(RECORDS SHOWN):
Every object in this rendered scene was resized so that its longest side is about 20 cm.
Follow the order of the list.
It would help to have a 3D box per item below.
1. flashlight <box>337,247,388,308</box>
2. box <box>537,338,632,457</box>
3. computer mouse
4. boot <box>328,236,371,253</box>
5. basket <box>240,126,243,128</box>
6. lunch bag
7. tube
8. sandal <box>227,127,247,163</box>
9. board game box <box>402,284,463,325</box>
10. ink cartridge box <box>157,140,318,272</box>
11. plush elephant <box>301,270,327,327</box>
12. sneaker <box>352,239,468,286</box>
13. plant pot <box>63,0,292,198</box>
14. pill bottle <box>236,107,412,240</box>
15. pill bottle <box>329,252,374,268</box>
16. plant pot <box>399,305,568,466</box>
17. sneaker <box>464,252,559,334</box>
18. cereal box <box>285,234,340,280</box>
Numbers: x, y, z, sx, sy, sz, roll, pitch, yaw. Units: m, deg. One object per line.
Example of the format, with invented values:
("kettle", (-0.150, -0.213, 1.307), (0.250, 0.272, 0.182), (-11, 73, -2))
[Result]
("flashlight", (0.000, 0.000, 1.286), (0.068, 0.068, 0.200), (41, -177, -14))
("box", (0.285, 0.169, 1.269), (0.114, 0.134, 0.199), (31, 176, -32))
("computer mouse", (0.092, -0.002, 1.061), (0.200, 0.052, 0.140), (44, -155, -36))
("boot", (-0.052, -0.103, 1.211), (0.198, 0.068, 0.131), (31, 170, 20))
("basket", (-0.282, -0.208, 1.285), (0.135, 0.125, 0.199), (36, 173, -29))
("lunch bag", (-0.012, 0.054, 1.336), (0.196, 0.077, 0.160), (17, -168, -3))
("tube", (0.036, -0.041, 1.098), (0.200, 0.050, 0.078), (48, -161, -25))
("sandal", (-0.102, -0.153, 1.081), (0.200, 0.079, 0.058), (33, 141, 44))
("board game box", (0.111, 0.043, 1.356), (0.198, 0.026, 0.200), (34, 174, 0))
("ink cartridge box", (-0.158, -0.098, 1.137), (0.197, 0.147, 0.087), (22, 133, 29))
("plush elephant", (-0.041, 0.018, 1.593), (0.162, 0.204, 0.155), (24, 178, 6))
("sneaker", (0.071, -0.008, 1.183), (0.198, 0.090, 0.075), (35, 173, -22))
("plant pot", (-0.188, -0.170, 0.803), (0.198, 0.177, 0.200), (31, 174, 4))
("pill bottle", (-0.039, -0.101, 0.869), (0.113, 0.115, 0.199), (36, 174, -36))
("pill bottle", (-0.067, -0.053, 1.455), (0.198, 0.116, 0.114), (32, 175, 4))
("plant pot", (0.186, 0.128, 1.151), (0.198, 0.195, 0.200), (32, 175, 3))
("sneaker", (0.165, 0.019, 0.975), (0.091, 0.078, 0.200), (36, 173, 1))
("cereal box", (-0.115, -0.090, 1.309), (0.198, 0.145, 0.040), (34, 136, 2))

---

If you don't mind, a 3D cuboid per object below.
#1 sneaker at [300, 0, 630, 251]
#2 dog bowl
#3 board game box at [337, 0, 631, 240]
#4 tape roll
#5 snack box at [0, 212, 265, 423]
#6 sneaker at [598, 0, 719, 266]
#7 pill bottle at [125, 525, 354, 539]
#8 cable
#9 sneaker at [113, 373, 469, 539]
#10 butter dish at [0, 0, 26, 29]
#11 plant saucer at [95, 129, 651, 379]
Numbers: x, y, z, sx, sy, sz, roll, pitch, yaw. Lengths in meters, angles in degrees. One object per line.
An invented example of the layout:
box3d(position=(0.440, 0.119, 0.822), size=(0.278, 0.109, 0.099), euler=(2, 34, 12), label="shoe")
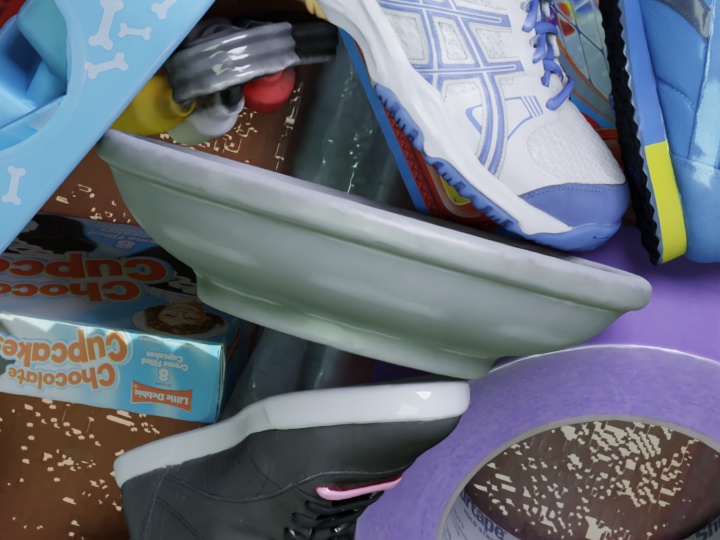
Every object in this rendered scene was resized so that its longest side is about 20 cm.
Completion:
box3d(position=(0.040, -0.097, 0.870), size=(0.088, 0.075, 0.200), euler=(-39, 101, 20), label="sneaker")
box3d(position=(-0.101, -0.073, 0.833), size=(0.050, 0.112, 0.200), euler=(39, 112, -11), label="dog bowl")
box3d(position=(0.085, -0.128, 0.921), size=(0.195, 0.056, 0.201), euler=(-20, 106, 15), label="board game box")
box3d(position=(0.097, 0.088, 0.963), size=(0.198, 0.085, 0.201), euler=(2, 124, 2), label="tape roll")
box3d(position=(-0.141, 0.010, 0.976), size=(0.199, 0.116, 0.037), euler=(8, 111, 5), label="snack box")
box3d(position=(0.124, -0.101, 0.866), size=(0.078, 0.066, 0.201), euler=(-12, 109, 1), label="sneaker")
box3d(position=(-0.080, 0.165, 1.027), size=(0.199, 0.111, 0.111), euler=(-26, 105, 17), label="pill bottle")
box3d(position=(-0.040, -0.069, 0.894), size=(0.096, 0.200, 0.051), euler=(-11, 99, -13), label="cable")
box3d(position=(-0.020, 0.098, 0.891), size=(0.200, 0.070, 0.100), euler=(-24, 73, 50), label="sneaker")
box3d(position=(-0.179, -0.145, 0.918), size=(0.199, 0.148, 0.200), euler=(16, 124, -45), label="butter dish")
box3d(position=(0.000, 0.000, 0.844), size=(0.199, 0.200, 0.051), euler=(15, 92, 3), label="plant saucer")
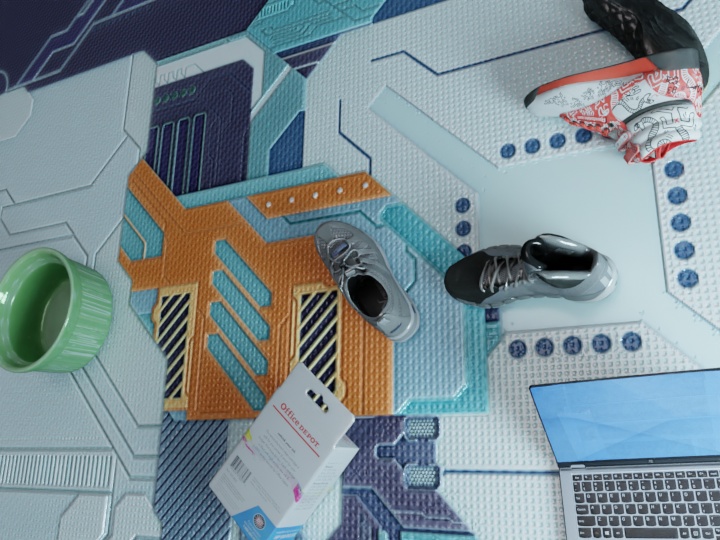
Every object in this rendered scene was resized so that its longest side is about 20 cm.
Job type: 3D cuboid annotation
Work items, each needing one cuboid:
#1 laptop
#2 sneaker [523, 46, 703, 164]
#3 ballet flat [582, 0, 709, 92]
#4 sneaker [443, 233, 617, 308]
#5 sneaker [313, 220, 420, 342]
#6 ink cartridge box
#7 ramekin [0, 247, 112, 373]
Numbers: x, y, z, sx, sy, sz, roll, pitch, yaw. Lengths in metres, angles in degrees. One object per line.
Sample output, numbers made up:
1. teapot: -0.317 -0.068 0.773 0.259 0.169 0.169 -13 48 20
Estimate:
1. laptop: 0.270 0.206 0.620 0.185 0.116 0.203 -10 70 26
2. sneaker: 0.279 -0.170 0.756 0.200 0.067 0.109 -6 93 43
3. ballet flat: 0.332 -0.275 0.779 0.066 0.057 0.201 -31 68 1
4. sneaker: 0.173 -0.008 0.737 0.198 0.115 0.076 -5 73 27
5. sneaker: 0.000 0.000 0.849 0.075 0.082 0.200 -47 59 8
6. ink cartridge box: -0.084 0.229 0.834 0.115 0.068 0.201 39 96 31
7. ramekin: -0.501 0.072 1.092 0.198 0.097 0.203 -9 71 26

(ACTIVITY):
Please give an exact copy of the lines above, beginning with the line containing "#2 sneaker [523, 46, 703, 164]" and running through the line containing "Sample output, numbers", and of no other lines.

(OUTPUT OF THE EXERCISE):
#2 sneaker [523, 46, 703, 164]
#3 ballet flat [582, 0, 709, 92]
#4 sneaker [443, 233, 617, 308]
#5 sneaker [313, 220, 420, 342]
#6 ink cartridge box
#7 ramekin [0, 247, 112, 373]
Numbers: x, y, z, sx, sy, sz, roll, pitch, yaw. Lengths in metres, angles in degrees. One object per line.
Sample output, numbers made up:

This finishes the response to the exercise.